Under some of Japan’s IIAs,46 the existing non-conforming measures to be excluded from the application of national and MFN treatment are specified in the attached Schedules (existing measures reservation); and national and MFN treatment do not apply to any non-conforming measure that a contracting party adopts or maintains with respect to sectors, sub-sectors, or activities specified in the attached Schedules (future measures reservation).

Non-conforming measures also include:

  • subsidies or grants provided by a contracting party, including government-supported loans, guarantees, and insurance;47
  • any measures covered by the exceptions to, or derogations from, obligations under articles 3 and 4 of the Trade-Related Aspects of Intellectual Property Rights in Annex 1C to the WTO Agreement; and48
  • any measure that a contracting party adopts or maintains with respect to government procurement.49

The ASEAN EPA provides that the contracting parties will enter into consultations on the Schedules of non-conforming measures (Work Programme) immediately after the entry into force of the First Protocol, and pending the work programme, national treatment will not apply.

Answer contributed by and

7. What are the distinguishing features of the obligation to provide protection and security to qualifying investments in this country’s investment treaties?

Japan

Issue Distinguishing features of the ‘protection and security’ standard

Variation of wording

All of Japan’s IIAs grant protection and security for investments. However, the wording differs from treaty to treaty. ‘Full protection and security’ is the most common language, ‘most constant protection and security’ appears in some treaties, and ‘full and constant protection and security’ is adopted in the BITs with Korea and Vietnam.

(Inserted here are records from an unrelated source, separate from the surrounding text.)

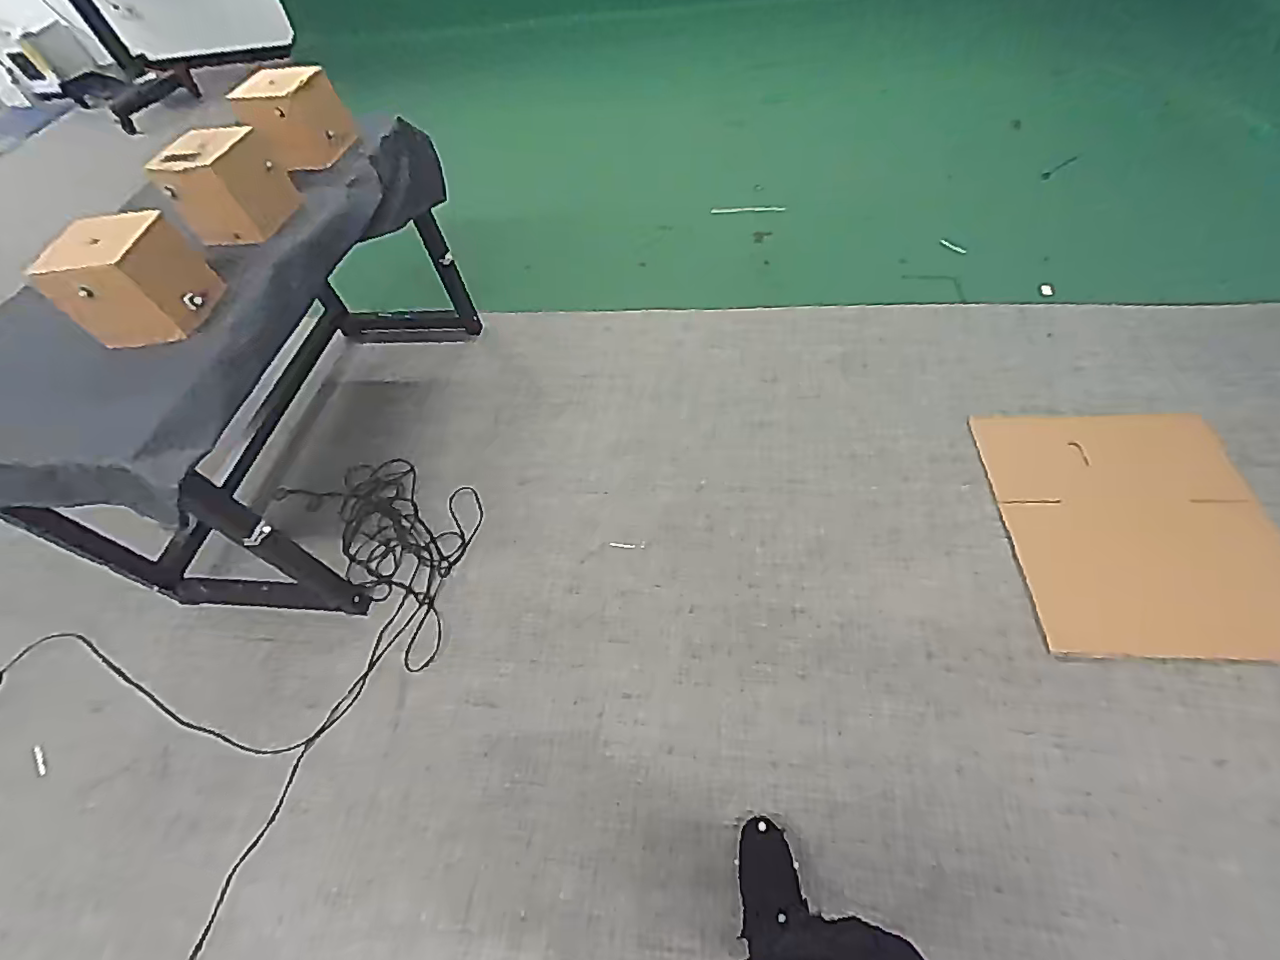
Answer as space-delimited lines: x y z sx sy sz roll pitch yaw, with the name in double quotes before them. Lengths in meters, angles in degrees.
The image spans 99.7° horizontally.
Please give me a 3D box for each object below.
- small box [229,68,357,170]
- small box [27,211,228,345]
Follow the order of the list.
"small box" -0.866 -0.908 1.367 0.179 0.176 0.168 5 57 11
"small box" -0.936 -0.370 1.008 0.179 0.176 0.168 -4 56 4
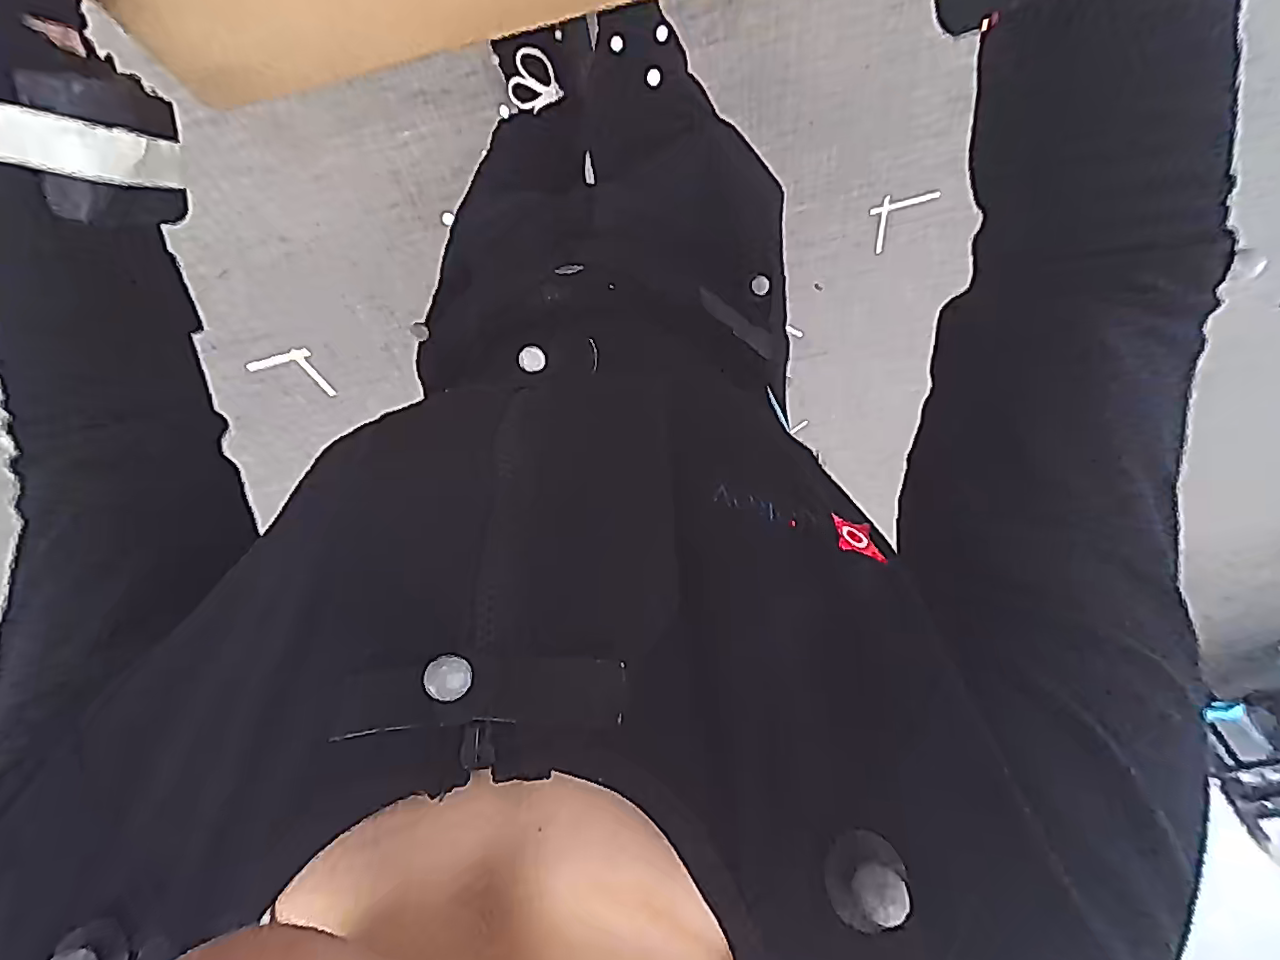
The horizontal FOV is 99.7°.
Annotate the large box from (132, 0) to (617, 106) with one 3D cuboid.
[{"bbox_3d":[-0.101,-0.441,0.202,0.408,0.320,0.320,-9,167,8],"label":"large box"}]

Equating to customary international law

Many of Japan’s IIAs provide that each contracting party shall, in its area, accord to investments by investors of the other contracting party treatment in accordance with (customary) international law, including full protection and security.50 The CPTPP further clarifies that ‘full protection and security’ requires the host state to provide the level of police protection required under customary international law, which excludes ‘legal protection.’ The RCEP also clarifies that full protection and security requires each party to take such measures as may be reasonably necessary to ensure the physical protection and security of the covered investment.

Answer contributed by and

8. What are the distinguishing features of the umbrella clauses contained within this country’s investment treaties?

Japan

Issue Distinguishing features of any ‘umbrella clause’

Scope

About half of Japan’s IIAs and a few of Japan’s EPAs contain umbrella clauses.51

Qualifications of the obligation

Most of Japan’s IIAs that contain an umbrella clause simply refer to ‘any obligations’. However, the BITs with Colombia and Laos, the China–Korea MIT, and the EPAs with Mongolia and Switzerland require the contracting parties to observe any ‘written’ obligations. The Colombia BIT, and the EPAs with Mongolia and Switzerland, qualify the obligation in respect of specific investments by an investor of the other contracting party, which the investor could have relied on at the time of the establishment, acquisition or expansion of such investments. The Colombia BIT further qualifies the obligations deriving from a written agreement concluded with the central government of the host state.

Answer contributed by and

9. What are the other most important substantive rights provided to qualifying investors in this country?

Japan

Issue Other substantive protections

Armed conflict / civil unrest

All of Japan’s IIAs provide for national treatment and MFN treatment regarding compensation for losses or damage suffered by armed conflict or civil unrest, although the Singapore EPA limits the treatment to such that a contracting party accords to its own investors. Notably, the Hong Kong BIT imposes an obligation that a contracting party shall accord ‘restitution or reasonable compensation’; however, the protocol to the same BIT clarifies that ‘[n]otwithstanding the provisions of paragraph 2 of Article 6 of the Agreement, the Government of Japan shall accord to investors of Hong Kong restitution or compensation, subject to its laws and regulations’.52

The Argentina BIT, Chile EPA, and the CPTPP exclude national treatment and MFN treatment in relation to state subsidies, grants, government loans, guarantees and insurance, and such an exclusion also applies to compensation for losses caused by armed conflict.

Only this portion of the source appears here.